Week 1: Choosing a site to explore and engaging with three methods of investigation
After years of living in East London, I finally moved West.
First shot of Maida Vale station, exterior view.
Striking stillness in the ever changing London, MV station sets itself apart. MV caught my eye the first time I went there, for the red tiles and old typeface reminded me of other stations like Covent Garden (or the old Aldwych station on Strand), which almost look out of character for the city we know today.
I wanted to capture what felt like a synergy of movement and stillness, so I started shooting it on my camera. Working and attending university means that I’m in central London 5 days a week, always leaving for the intended 9 o ’clock somewhere.
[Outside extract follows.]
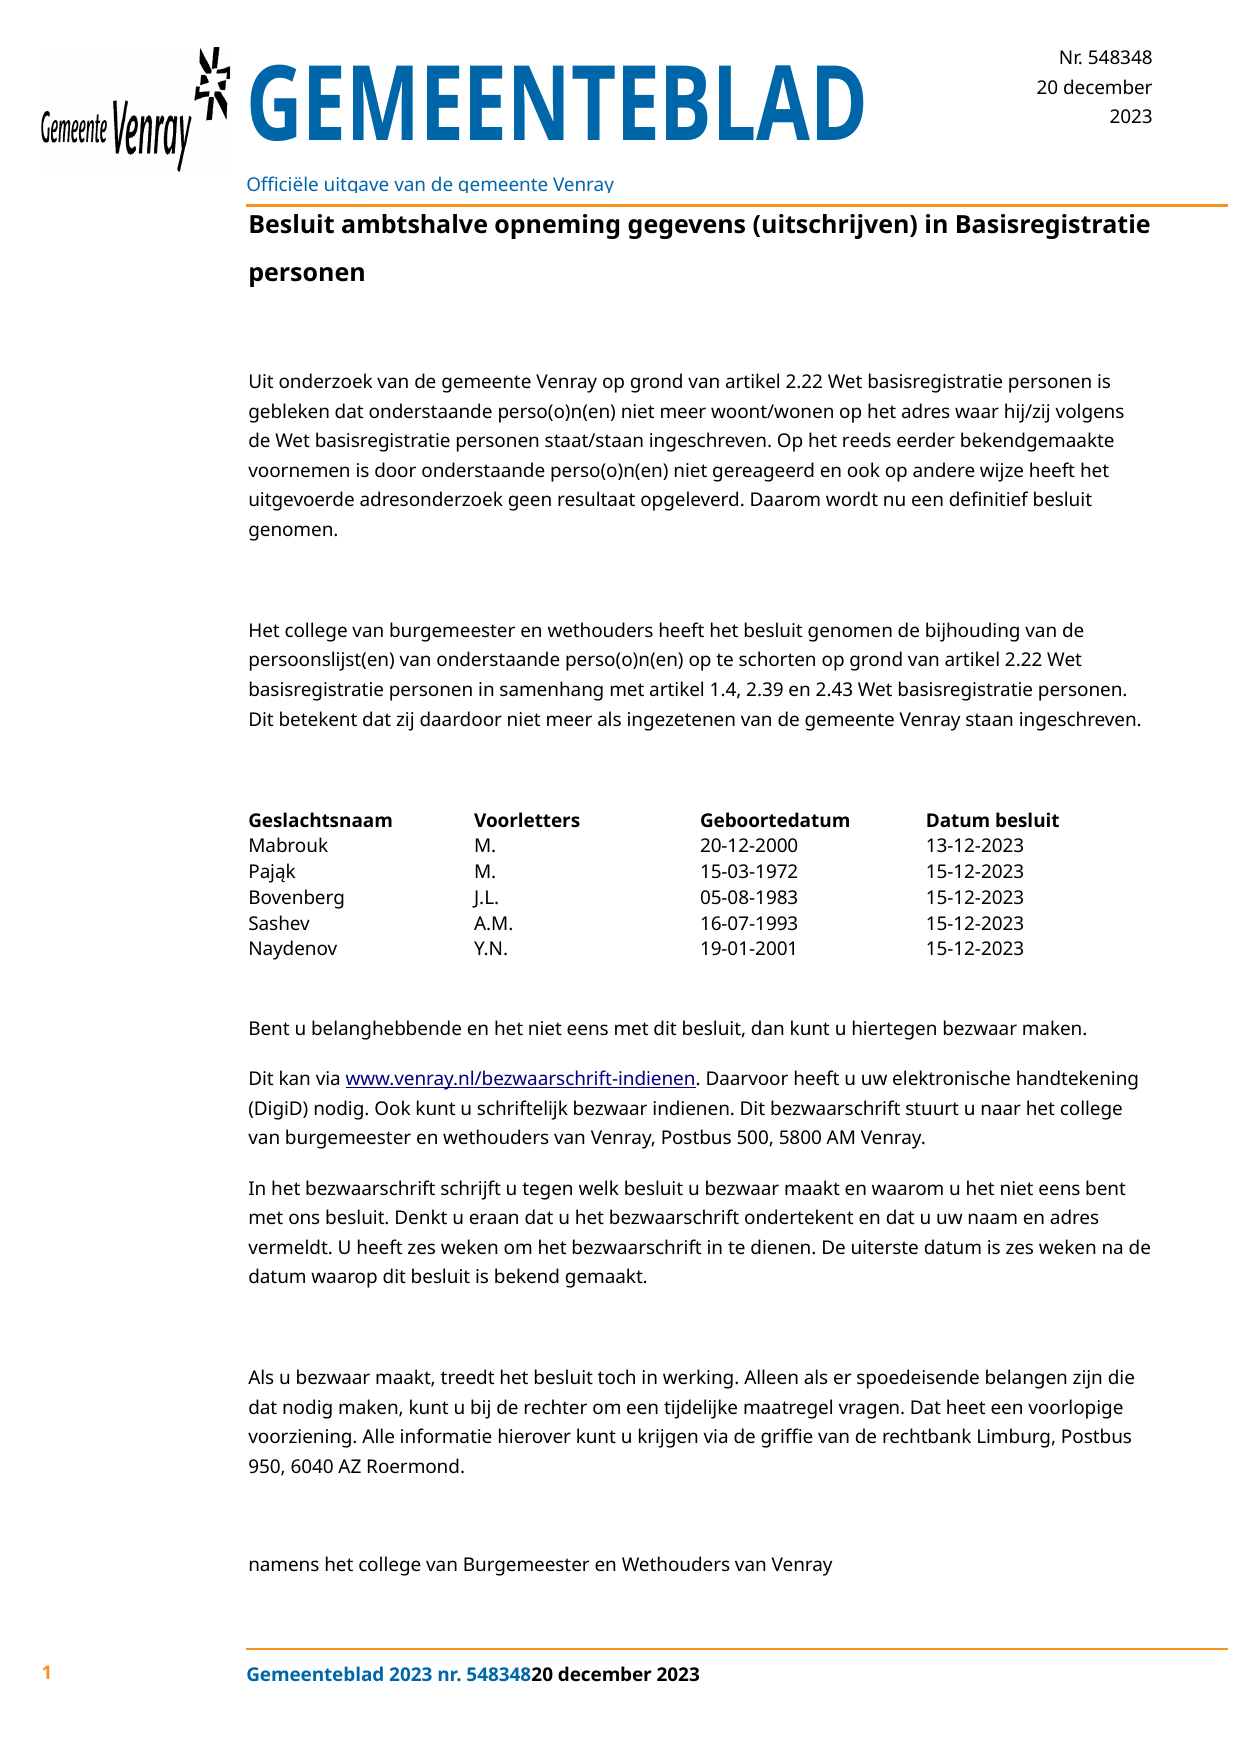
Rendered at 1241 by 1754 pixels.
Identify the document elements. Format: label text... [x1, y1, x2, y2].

Between 8:15 and 8:35, for three consecutive days, I took pictures of the same people, who were probably taking the same route as me but I had never really noticed.
Simultaneously, I started writing every time I walked to MV station, what I noticed. What it would tell me about the place but also its constituents, the people that make it and keep it the way it is. The little details which take so much space in our environment but go un-noticed.
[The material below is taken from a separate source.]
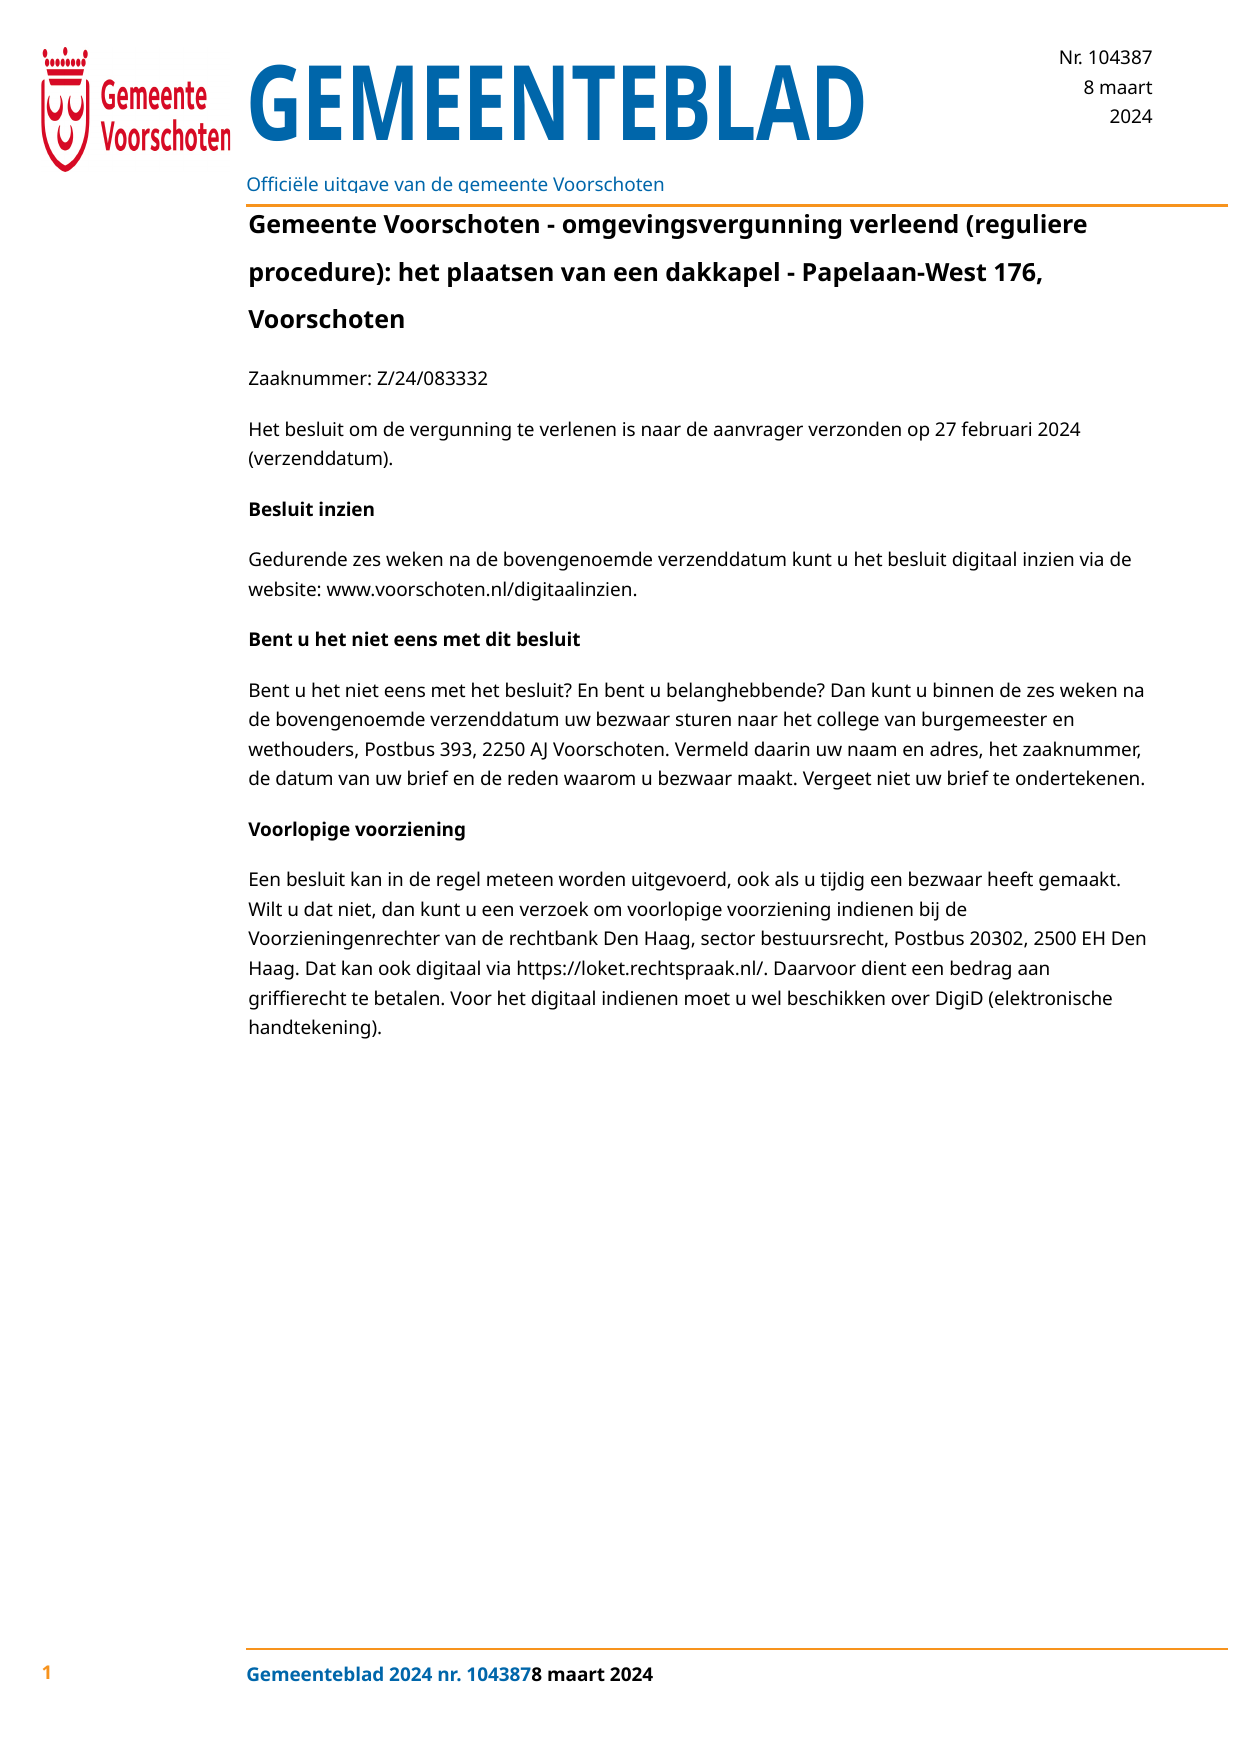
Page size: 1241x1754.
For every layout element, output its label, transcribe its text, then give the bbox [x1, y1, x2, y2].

MV despite its physical stillness felt like a never ending loop when I was there, where sounds dictated our commute. The beep of my card at the gates, the sounds of people’s heels tapping the ceramic tiles, my music in my headphones overlaid on the screeching of the train, it all felt like a buzzing place.
I am in fact incapable of taking the tube without my noise canceling headphones, for I find an accumulation of sounds deeply overwhelming. I was really surprised, when I took my headphones off and started to notice, that people (even without headphones) did not seem to pay attention to the sounds. This was deeply intriguing to me, as I could not separate Maida Vale’s visual identity, from its sonic one. I started recording MV and Bakerloo sounds.
I then superposed the music I would be listening to, on top of the tube sounds; showcasing the “sonic world of the commuter”.
It was also interesting to be in my own sonic bubble, paying attention. I took this initial video on my commute, which I thought looked like a dance of commuters.